Have fun with herms buddy!!!


To think you can hit any plant and make fem beans is highlarious!!


----------



## The Hemp Goddess (Apr 5, 2013)

If making fem seeds was that easy and foolproof, everyone would be doing it.  Breeders grow hundreds of plants to find suitable candidates to make fem seeds.  And even then with all the controls they (hopefully) use, we still get a fair number of hermies from fem seeds.  I can see that we are not going to talk you out of it, but I am also one who believes it is a bad idea.  I believe that amateurs attempting to make fem seeds and people planting known hermy seeds are creating a proliferation of hermies.  Years ago, I never saw a hermy.

Also, take everything that you see and hear on the internet with a grain of salt.  Anyone can say they have had great success without any kind of proof at all.  In fact, most people will claim success even if failing when it comes to something like this on the internet.


----------



## trillions of atoms (Apr 5, 2013)

Double post


----------



## Kill a Watt (Apr 5, 2013)

"Also, take everything that you see and hear on the internet with a grain of salt." 

this is why i try for myself. if i fail, its a lesson learned. it's ALL GOOD with me. they have that saying.. "live and learn" 

anyhow, time for another update. gotta find the charger again lol


----------



## trillions of atoms (Apr 5, 2013)

Yup... Agreed.   Also  "live and let live..."

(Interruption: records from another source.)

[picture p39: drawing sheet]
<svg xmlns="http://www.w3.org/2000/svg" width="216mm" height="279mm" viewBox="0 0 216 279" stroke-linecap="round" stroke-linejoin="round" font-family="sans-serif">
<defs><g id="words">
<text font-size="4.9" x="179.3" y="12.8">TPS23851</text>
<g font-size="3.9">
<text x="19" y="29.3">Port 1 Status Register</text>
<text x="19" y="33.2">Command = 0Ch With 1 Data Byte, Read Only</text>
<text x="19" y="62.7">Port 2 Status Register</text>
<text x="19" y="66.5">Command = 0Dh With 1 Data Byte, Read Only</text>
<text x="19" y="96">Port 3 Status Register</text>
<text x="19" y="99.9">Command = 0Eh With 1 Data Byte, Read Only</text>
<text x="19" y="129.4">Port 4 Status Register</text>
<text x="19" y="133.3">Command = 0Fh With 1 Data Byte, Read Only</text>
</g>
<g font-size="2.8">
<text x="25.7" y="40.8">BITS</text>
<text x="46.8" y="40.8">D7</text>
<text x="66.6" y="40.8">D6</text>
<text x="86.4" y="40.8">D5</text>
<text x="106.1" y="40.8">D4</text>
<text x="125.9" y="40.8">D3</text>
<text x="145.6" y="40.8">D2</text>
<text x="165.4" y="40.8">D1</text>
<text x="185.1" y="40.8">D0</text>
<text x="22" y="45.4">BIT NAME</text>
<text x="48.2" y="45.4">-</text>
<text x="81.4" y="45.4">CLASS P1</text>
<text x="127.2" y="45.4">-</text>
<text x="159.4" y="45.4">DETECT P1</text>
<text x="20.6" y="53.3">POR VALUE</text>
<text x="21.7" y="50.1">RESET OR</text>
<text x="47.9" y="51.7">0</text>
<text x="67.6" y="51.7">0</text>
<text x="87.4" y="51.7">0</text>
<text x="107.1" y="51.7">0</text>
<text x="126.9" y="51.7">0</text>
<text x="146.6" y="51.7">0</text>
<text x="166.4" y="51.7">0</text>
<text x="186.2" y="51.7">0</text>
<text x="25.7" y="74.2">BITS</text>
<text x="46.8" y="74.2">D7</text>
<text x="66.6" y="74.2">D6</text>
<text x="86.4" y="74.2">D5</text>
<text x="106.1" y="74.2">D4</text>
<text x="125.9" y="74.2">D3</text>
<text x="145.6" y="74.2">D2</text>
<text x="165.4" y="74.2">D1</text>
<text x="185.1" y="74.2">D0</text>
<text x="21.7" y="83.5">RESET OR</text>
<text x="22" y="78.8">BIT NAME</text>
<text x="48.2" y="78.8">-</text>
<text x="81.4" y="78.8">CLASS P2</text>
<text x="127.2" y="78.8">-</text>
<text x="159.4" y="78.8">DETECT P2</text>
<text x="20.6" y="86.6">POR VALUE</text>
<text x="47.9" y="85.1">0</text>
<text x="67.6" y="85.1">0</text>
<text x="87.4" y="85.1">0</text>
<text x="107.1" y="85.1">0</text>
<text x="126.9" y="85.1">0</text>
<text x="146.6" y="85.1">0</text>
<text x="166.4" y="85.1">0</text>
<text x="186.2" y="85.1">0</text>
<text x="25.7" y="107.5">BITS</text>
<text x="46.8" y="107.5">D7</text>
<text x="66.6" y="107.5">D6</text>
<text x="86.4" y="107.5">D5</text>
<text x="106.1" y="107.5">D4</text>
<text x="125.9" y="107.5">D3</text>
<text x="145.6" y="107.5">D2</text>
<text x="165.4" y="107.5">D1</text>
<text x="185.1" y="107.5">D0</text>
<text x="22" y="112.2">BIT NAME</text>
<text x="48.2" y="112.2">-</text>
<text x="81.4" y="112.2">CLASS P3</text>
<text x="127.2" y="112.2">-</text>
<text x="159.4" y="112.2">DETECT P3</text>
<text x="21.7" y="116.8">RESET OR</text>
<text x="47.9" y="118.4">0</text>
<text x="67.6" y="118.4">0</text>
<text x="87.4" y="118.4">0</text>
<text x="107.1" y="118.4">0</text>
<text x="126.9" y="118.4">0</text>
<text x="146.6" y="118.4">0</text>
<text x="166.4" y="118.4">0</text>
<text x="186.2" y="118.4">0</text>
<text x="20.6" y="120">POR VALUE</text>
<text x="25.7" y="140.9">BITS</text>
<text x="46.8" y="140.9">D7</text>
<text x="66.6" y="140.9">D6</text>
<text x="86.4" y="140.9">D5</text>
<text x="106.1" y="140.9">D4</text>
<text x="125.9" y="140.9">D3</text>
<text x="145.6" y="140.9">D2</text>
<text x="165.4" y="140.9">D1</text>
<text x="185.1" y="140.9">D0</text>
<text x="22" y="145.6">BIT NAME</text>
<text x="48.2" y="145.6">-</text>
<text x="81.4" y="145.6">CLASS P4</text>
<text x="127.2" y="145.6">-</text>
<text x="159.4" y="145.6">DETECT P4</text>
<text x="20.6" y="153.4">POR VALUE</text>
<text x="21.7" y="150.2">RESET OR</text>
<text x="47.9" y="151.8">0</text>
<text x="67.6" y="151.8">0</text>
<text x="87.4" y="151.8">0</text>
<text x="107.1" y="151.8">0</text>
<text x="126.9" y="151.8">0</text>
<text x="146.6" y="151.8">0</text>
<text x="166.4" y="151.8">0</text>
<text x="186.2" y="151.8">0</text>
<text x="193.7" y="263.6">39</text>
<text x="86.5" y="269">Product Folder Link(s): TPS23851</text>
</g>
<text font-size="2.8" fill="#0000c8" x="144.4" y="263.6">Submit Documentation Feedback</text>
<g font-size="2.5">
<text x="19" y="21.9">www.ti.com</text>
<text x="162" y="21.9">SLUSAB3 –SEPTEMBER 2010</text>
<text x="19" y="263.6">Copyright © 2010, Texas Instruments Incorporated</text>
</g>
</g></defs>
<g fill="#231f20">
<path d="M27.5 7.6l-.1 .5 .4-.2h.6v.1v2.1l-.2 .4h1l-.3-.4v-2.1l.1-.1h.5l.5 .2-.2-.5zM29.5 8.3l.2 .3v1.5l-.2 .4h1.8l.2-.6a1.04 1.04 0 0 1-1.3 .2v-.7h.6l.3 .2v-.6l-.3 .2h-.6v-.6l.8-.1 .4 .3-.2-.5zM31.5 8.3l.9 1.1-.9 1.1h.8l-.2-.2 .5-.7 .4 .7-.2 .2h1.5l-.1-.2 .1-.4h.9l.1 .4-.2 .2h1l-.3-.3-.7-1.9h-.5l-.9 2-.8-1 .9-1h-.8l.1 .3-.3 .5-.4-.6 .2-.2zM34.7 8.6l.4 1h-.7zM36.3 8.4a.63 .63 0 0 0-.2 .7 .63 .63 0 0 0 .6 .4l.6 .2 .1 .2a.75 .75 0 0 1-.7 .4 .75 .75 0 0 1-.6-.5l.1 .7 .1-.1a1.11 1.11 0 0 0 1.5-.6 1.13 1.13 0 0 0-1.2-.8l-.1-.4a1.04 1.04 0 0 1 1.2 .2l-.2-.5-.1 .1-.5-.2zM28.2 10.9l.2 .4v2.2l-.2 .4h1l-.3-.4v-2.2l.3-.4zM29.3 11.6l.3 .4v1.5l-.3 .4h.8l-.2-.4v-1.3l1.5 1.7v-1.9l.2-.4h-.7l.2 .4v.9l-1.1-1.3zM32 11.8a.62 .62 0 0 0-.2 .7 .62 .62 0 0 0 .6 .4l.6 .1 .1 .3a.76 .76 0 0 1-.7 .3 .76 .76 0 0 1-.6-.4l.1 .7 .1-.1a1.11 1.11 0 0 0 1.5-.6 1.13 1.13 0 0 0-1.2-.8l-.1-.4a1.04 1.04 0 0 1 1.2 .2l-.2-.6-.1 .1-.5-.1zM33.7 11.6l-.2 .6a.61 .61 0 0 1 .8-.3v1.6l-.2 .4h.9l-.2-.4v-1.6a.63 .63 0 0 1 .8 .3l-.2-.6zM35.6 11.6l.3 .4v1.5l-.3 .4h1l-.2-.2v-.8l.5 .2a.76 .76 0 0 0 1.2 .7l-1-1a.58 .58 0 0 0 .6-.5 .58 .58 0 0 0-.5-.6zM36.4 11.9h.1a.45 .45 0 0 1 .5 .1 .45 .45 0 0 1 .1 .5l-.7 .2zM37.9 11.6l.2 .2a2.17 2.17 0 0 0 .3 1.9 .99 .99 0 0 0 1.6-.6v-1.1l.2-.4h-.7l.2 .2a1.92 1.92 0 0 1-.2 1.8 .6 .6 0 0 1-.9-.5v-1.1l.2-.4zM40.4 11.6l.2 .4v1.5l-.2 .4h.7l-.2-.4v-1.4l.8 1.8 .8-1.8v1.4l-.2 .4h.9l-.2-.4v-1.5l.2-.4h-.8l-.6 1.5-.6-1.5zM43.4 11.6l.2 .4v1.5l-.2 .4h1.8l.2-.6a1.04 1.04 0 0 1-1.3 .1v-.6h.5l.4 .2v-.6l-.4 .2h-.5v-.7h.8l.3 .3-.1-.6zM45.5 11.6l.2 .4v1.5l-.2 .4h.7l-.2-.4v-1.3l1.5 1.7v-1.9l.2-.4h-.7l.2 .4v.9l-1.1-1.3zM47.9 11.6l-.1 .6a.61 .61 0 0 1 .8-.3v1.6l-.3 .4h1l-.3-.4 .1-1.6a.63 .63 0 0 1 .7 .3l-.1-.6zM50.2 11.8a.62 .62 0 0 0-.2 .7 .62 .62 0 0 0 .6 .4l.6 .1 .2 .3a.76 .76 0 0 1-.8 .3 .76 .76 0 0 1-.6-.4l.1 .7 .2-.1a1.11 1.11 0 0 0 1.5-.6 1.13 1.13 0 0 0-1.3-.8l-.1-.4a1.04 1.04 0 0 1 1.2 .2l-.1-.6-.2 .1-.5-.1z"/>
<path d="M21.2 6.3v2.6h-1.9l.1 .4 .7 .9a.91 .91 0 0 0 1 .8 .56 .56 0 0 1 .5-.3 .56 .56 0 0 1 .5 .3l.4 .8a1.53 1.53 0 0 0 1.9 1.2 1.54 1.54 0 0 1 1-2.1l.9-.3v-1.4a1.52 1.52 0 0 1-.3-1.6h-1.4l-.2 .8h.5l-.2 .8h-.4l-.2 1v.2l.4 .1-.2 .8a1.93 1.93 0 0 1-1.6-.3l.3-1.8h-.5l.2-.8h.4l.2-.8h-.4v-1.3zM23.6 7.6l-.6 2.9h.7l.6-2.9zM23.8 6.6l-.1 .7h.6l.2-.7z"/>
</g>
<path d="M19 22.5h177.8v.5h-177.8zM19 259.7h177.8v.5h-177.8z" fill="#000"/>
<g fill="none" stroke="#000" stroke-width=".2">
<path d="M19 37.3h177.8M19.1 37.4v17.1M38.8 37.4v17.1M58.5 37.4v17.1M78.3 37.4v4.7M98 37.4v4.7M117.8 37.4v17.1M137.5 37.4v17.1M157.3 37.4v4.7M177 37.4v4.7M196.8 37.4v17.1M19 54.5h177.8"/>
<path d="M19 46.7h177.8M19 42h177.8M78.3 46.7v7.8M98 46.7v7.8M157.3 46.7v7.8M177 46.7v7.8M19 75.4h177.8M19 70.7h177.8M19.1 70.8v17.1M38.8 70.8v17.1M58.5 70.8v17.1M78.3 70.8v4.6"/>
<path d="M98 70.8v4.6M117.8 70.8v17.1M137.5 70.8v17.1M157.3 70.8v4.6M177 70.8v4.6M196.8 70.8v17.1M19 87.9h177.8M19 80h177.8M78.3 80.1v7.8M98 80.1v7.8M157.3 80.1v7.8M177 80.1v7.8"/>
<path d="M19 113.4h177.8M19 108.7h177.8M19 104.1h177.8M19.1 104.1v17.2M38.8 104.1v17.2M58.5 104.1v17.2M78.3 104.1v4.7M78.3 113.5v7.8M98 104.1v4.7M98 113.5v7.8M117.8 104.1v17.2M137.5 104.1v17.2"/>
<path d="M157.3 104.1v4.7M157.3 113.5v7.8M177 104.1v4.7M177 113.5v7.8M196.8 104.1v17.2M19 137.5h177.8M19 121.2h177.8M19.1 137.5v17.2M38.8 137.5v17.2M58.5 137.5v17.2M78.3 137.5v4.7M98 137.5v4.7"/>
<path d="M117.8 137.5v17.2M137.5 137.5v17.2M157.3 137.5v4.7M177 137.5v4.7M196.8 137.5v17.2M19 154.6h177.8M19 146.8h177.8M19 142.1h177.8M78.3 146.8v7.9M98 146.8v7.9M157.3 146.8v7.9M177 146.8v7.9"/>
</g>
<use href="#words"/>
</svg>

Worse thing that will happen is you seed everything in the flowering room with hermi genetics.


----------



## Kill a Watt (Apr 5, 2013)

lol you are something else atom

plants are getting wider and taller. i've never seen black hairs before.


----------



## Kill a Watt (Apr 5, 2013)

tryin a technique to improve yield from the forums. so far so good


----------



## Kill a Watt (Apr 5, 2013)

sorry for the boring angle of pix. the room is small and i hung the lights in the middle of the room. my back is against the wall when i'm taking em from the side views hence the canopy pix majority of the time.


----------



## SuperCanadianFatman (Apr 6, 2013)

I love this feed, I started reading the other day and just finished and am up to date. This seems awesome  imagine a light box of all leds o.o. 

But your ladies look lovely!


----------



## Kill a Watt (Apr 6, 2013)

found a technique on another forum. applying it to this grow. so far so good.


----------



## Dr. Robertsozki (Apr 7, 2013)

Kill a Watt said:
			
		

> lol you are something else atom
> 
> plants are getting wider and taller. i've never seen black hairs before.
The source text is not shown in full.